By default, the IAM used to map users between Databricks and Immuta is the BIM (Immuta's internal IAM). The Immuta Spark plugin will check the Databricks username against the username within the BIM to determine access. For a basic integration, this means the users email address in Databricks and the connected Immuta instance must match.

It is possible within Immuta to have multiple users share the same username if they exist within different IAMs. In this case, the cluster can be configured to lookup users from a specified IAM. To do this, the value of immuta.user.mapping.iamid given in the immuta_conf.xml created and hosted in the previous steps must be updated to be the targeted IAM ID configured within the Immuta instance. The IAM ID can be found on the App Settings page. Each Databricks cluster can only be mapped to one IAM.

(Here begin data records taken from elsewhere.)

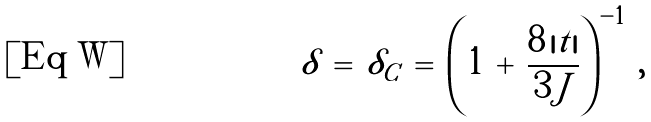Convert formula to latex. <formula><loc_0><loc_0><loc_500><loc_500>\delta \, = \, \delta _ { C } \, = \, \left ( 1 \, + \, \frac { 8 \, | t | } { 3 \, J } \right ) ^ { - 1 } \, ,</formula> 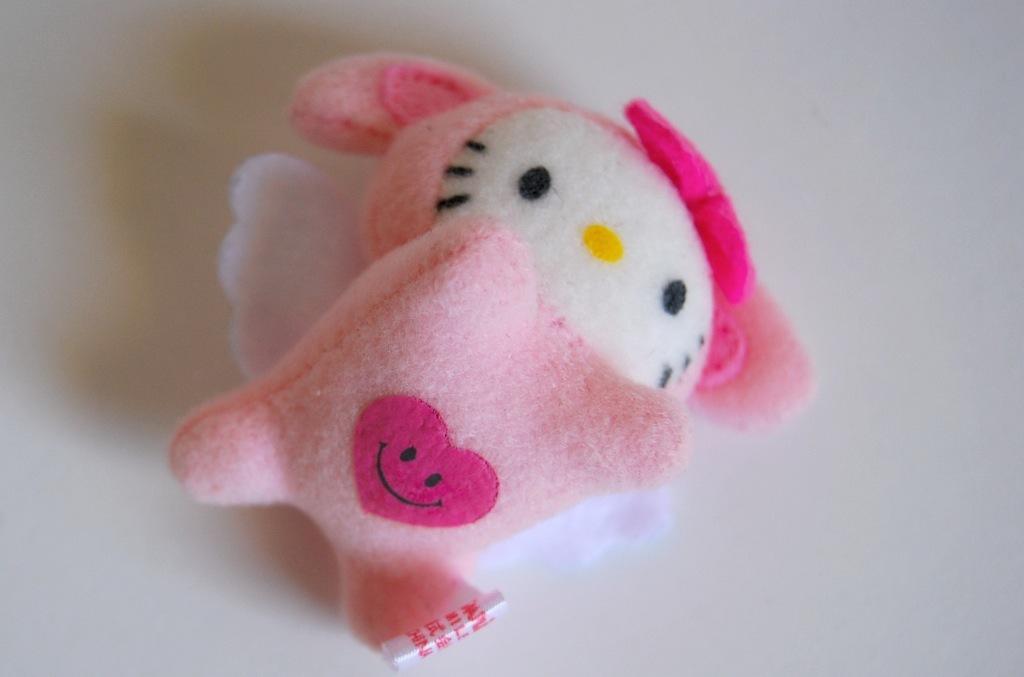Describe this image in one or two sentences. In this image I can see a doll. It is in pink color. The background is white in color. 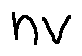Convert formula to latex. <formula><loc_0><loc_0><loc_500><loc_500>n v</formula> 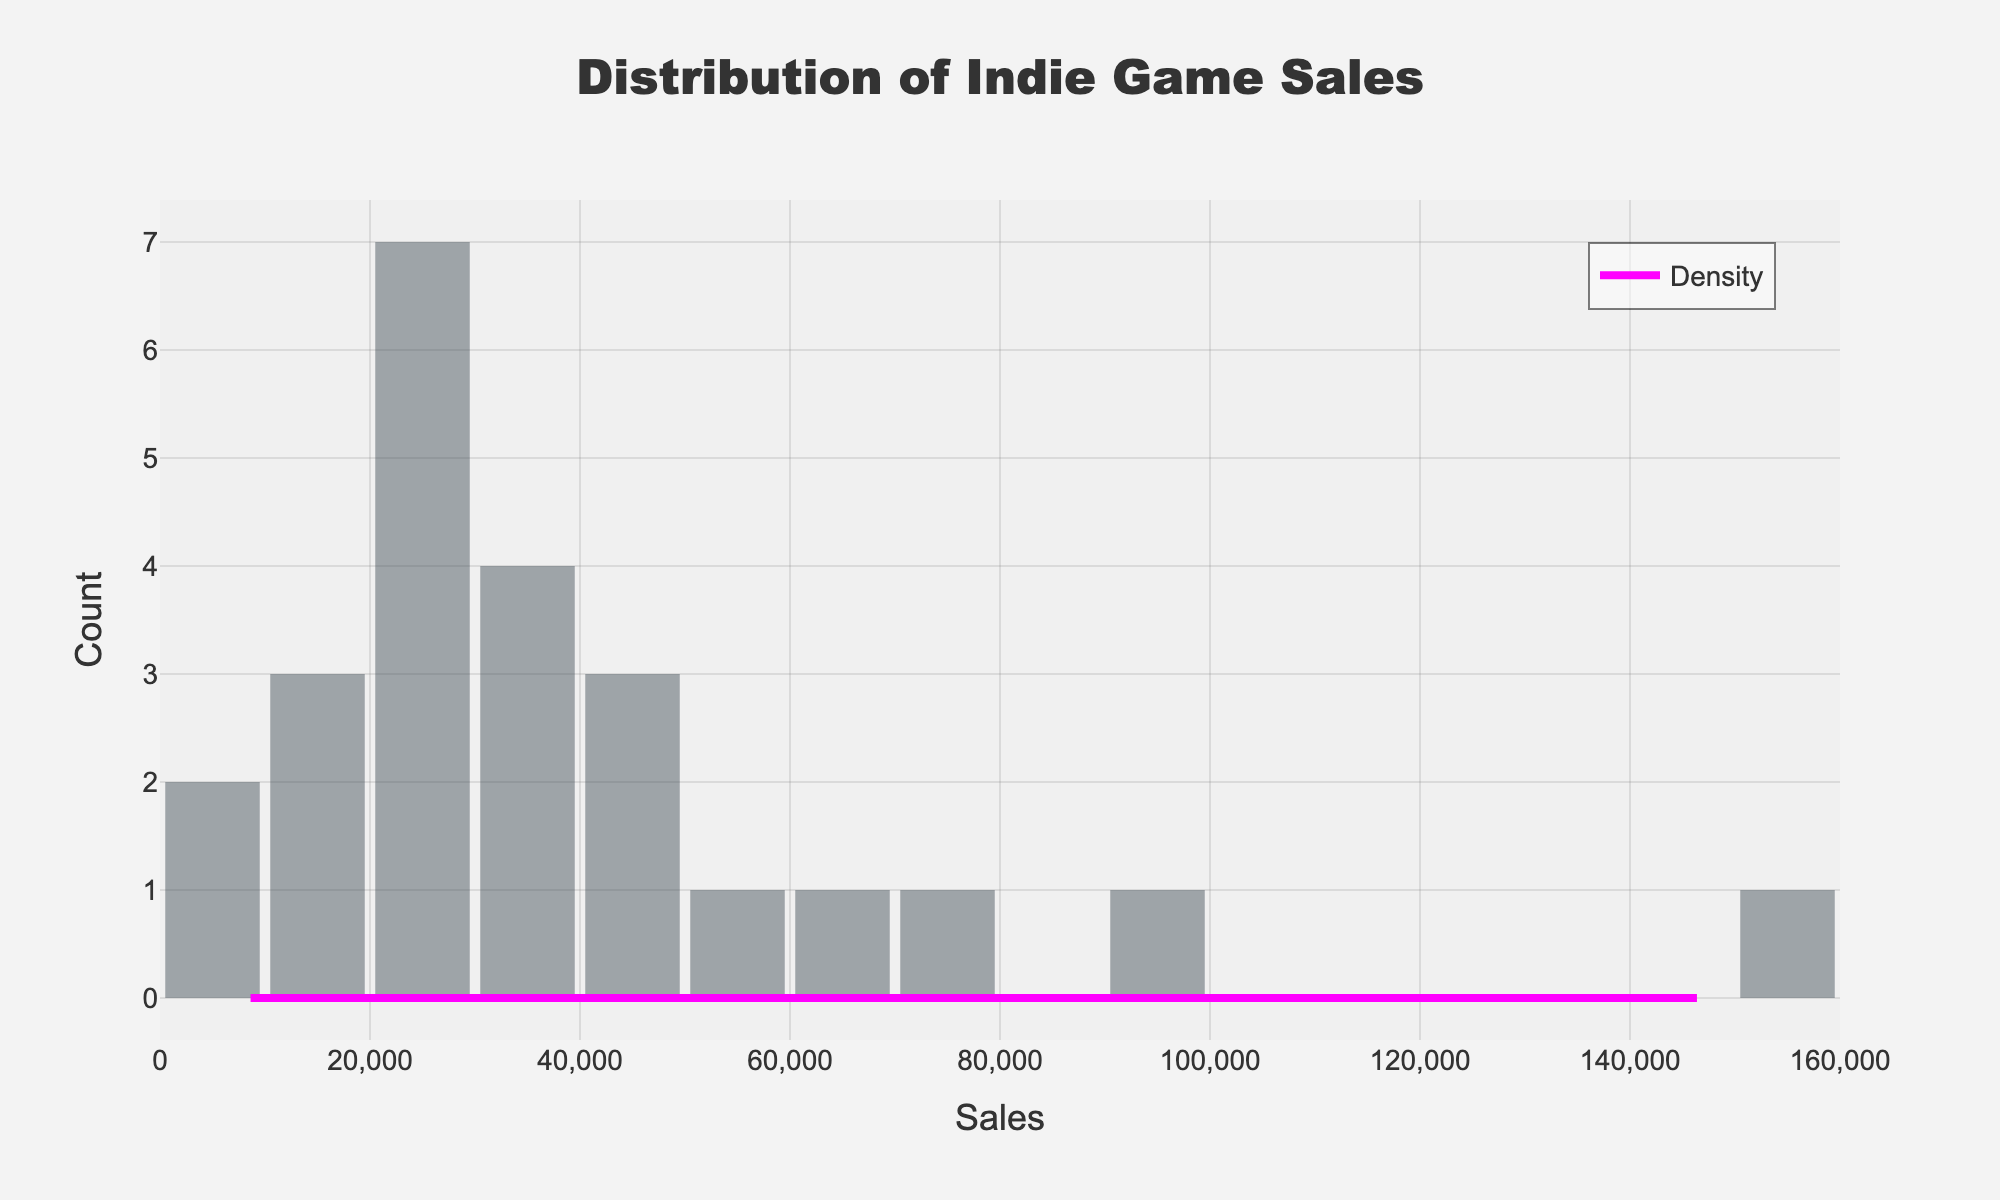how many data points fall under the highest bin in the histogram? identify the highest bar on the histogram by its height. count the number of data points represented by the height of that bar.
Answer: (number of data points) Which platform shows the highest indie game sales according to the histogram? look for the tallest bar in the histogram corresponding to a particular sales range, and identify the platform associated with this bar from the overall sales data.
Answer: (platform) What is the approximate range with the highest density of game sales? examine the kde curve to find the peak point that represents the highest density. the sales range under this peak is the range with the highest density.
Answer: (sales range) How do action genre sales compare to puzzle genre sales according to the kde? identify the peak densities of the kde curve at sales values representing the action and puzzle genres from the data provided. compare the kde heights of both genres.
Answer: (comparison) What sales range covers the majority of indie game sales? find the range with most data points by identifying the bars covering the middle area of the histogram. these should overlap with the highest peak of the kde curve.
Answer: (sales range) 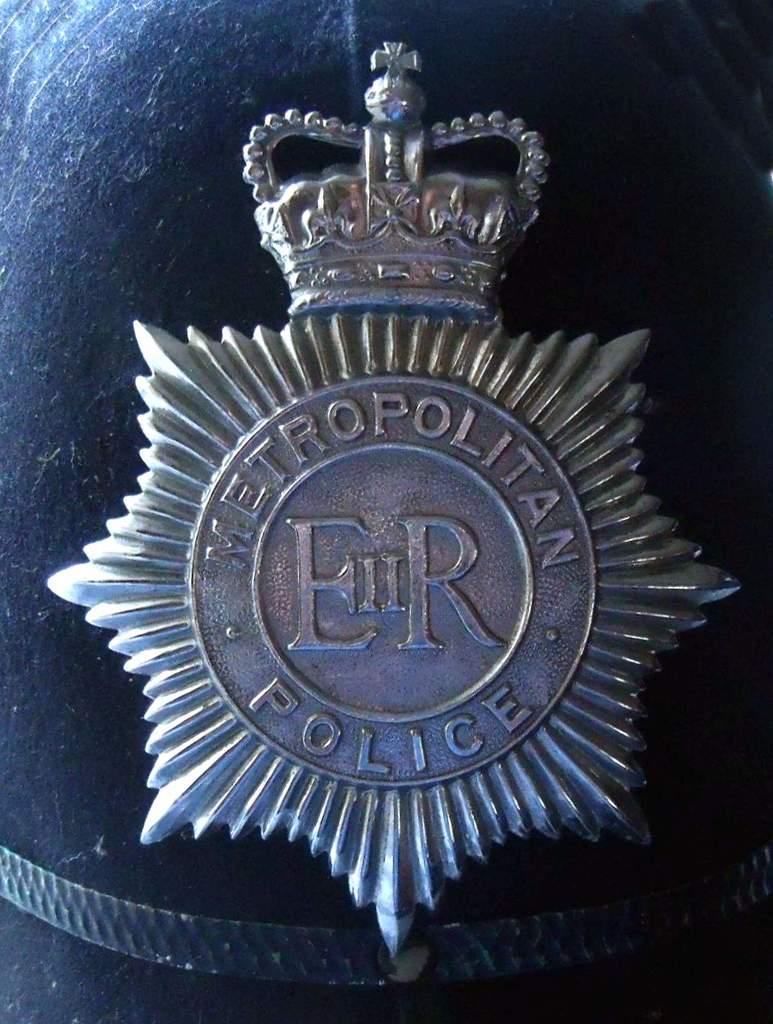What two letters are in the middle of the badge?
Offer a very short reply. Er. 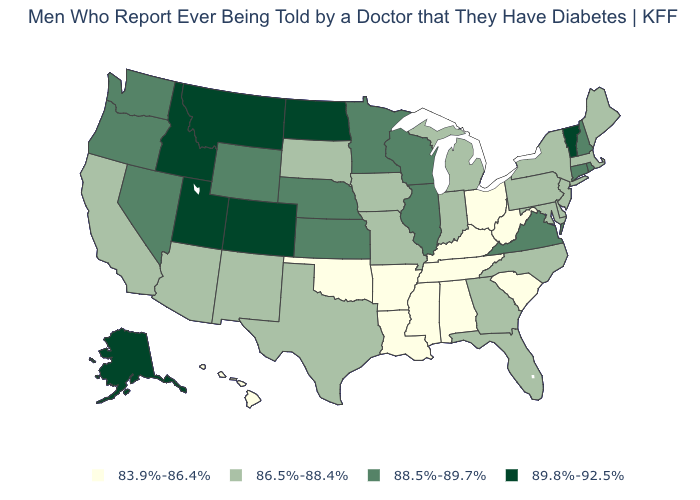Name the states that have a value in the range 88.5%-89.7%?
Be succinct. Connecticut, Illinois, Kansas, Minnesota, Nebraska, Nevada, New Hampshire, Oregon, Rhode Island, Virginia, Washington, Wisconsin, Wyoming. What is the value of Louisiana?
Quick response, please. 83.9%-86.4%. How many symbols are there in the legend?
Short answer required. 4. Name the states that have a value in the range 83.9%-86.4%?
Short answer required. Alabama, Arkansas, Hawaii, Kentucky, Louisiana, Mississippi, Ohio, Oklahoma, South Carolina, Tennessee, West Virginia. How many symbols are there in the legend?
Quick response, please. 4. What is the highest value in states that border Colorado?
Concise answer only. 89.8%-92.5%. Name the states that have a value in the range 88.5%-89.7%?
Be succinct. Connecticut, Illinois, Kansas, Minnesota, Nebraska, Nevada, New Hampshire, Oregon, Rhode Island, Virginia, Washington, Wisconsin, Wyoming. What is the value of Texas?
Answer briefly. 86.5%-88.4%. What is the lowest value in states that border New York?
Answer briefly. 86.5%-88.4%. Does Arkansas have the lowest value in the USA?
Write a very short answer. Yes. Does the map have missing data?
Keep it brief. No. Does Missouri have the lowest value in the MidWest?
Keep it brief. No. Does Louisiana have the highest value in the USA?
Be succinct. No. Which states have the lowest value in the MidWest?
Be succinct. Ohio. What is the value of Alabama?
Write a very short answer. 83.9%-86.4%.

Debugging Immuta Installation Issues

For easier debugging of the Immuta Databricks installation, enable cluster init script logging. In the cluster page in Databricks for the target cluster, under Advanced Options -> Logging, change the Destination from NONE to DBFS and change the path to the desired output location. Note: The unique cluster ID will be added onto the end of the provided path.

For debugging issues between the Immuta web service and Databricks, you can view the Spark UI on your target Databricks cluster. On the cluster page, click the Spark UI tab, which shows the Spark application UI for the cluster. If you encounter issues creating Databricks data sources in Immuta, you can also view the JDBC/ODBC Server portion of the Spark UI to see the result of queries that have been sent from Immuta to Databricks.

Further Reading

Cluster Init Script

The Databricks cluster init script provided by Immuta downloads the previously mentioned Immuta artifacts (the configuration file and immuta-spark-hive .jar) onto the target cluster and puts them in the appropriate locations on local disk for use by Spark. Once the init script runs, the Spark application running on the Databricks cluster will have the appropriate artifacts on its CLASSPATH in order to use Immuta for policy enforcement.

The cluster init script uses environment variables in order to

  • Determine the location of the required artifacts for downloading.
  • Authenticate with the service/storage containing the artifacts.

Note: Each target system/storage layer (HTTPS, for example) can only have one set of environment variables, so the cluster init script assumes that any artifact retrieved from that system uses the same environment variables.